The task. Please return the lines below verbatim, beginning at the one that has "Read each of" and stopping after the one that has "j) S11 at marker 1", and add no other lines.

Data items.
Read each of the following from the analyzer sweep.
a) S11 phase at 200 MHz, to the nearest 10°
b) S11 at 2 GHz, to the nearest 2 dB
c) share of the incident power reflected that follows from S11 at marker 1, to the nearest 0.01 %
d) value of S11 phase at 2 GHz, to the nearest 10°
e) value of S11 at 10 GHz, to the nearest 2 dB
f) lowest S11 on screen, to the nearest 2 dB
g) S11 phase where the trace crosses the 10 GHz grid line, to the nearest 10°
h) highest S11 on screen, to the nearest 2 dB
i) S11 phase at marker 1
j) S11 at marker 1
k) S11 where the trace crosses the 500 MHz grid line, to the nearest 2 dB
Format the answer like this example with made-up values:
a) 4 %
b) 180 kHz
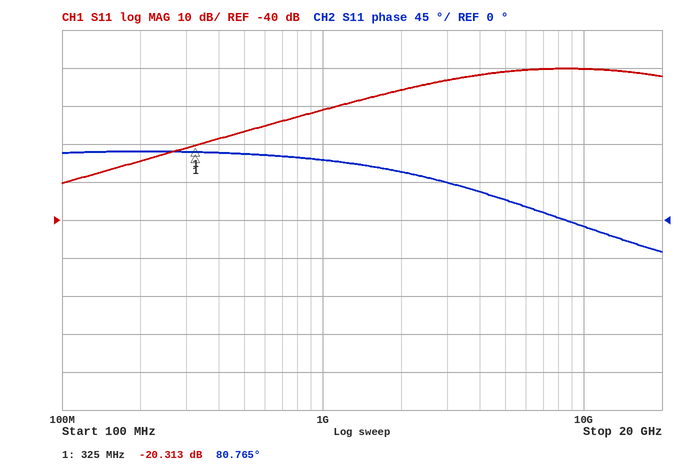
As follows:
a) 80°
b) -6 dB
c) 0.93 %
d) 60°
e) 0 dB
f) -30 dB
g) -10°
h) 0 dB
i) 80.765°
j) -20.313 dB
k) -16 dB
--
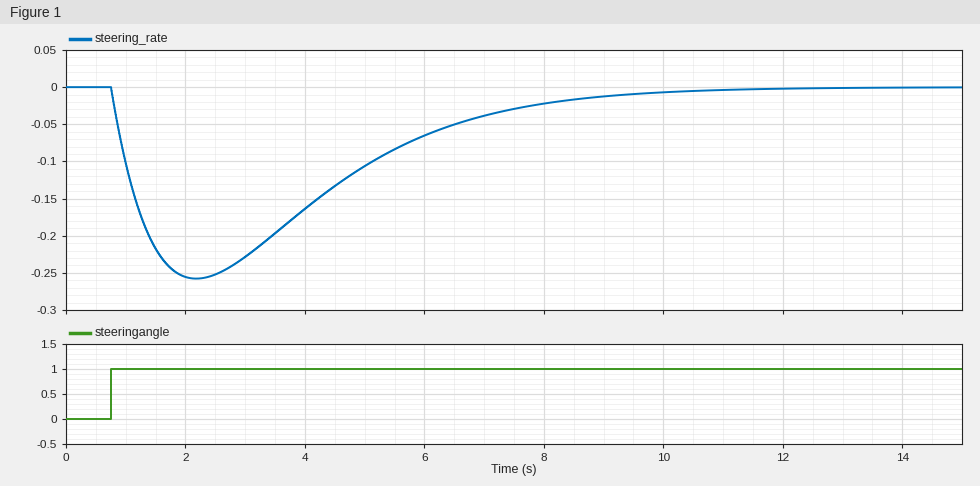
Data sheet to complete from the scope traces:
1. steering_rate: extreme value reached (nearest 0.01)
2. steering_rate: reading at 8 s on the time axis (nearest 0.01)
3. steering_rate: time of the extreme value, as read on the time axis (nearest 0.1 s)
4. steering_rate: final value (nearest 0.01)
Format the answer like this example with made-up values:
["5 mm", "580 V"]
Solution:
---
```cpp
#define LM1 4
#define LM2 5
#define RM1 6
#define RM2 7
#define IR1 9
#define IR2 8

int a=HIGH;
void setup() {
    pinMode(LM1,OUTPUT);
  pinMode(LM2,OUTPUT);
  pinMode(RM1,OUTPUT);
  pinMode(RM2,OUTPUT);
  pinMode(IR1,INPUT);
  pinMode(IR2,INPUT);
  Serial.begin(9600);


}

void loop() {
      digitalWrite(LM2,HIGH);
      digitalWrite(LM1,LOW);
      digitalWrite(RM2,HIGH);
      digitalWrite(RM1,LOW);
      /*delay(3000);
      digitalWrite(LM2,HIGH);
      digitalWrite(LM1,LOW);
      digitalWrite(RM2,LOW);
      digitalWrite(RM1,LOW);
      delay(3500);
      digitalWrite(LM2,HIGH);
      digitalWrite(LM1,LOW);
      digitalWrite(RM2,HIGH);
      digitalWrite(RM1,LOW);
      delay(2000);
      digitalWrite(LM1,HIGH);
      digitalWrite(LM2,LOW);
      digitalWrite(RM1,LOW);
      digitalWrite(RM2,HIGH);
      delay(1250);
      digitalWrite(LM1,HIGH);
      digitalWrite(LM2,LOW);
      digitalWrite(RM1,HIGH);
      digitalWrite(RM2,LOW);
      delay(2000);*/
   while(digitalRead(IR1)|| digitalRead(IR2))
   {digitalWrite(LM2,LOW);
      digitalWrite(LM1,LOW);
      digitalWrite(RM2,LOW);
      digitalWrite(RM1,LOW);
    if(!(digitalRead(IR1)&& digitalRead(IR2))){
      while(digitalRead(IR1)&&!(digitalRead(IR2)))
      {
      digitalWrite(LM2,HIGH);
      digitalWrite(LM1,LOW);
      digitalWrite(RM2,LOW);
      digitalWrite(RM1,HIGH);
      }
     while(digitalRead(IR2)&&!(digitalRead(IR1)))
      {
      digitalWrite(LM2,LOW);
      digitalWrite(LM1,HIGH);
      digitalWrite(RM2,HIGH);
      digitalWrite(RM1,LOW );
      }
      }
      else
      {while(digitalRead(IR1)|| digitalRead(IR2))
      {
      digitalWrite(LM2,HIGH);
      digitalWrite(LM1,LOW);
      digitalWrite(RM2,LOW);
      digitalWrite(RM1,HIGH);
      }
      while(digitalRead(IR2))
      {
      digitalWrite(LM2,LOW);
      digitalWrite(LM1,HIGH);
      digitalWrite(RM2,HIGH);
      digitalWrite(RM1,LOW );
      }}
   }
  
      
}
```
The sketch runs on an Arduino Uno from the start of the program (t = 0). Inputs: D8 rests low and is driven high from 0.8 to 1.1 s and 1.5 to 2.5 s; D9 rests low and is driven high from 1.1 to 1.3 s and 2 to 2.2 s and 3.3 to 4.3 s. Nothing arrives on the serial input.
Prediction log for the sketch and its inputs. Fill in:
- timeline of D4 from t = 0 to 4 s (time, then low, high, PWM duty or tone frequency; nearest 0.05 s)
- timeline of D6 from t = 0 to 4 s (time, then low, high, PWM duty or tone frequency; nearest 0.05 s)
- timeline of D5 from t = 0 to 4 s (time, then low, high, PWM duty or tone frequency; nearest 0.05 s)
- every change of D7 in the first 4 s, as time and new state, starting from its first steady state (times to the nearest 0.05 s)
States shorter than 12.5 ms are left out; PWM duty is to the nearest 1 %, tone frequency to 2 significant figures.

Exercise solution.
Read each of the following from the analyzer sweep.
a) S11 phase at 200 MHz, to the nearest 10°
b) S11 at 2 GHz, to the nearest 2 dB
c) share of the incident power reflected that follows from S11 at marker 1, to the nearest 0.01 %
d) value of S11 phase at 2 GHz, to the nearest 10°
e) value of S11 at 10 GHz, to the nearest 2 dB
f) lowest S11 on screen, to the nearest 2 dB
g) S11 phase where the trace crosses the 10 GHz grid line, to the nearest 10°
h) highest S11 on screen, to the nearest 2 dB
i) S11 phase at marker 1
j) S11 at marker 1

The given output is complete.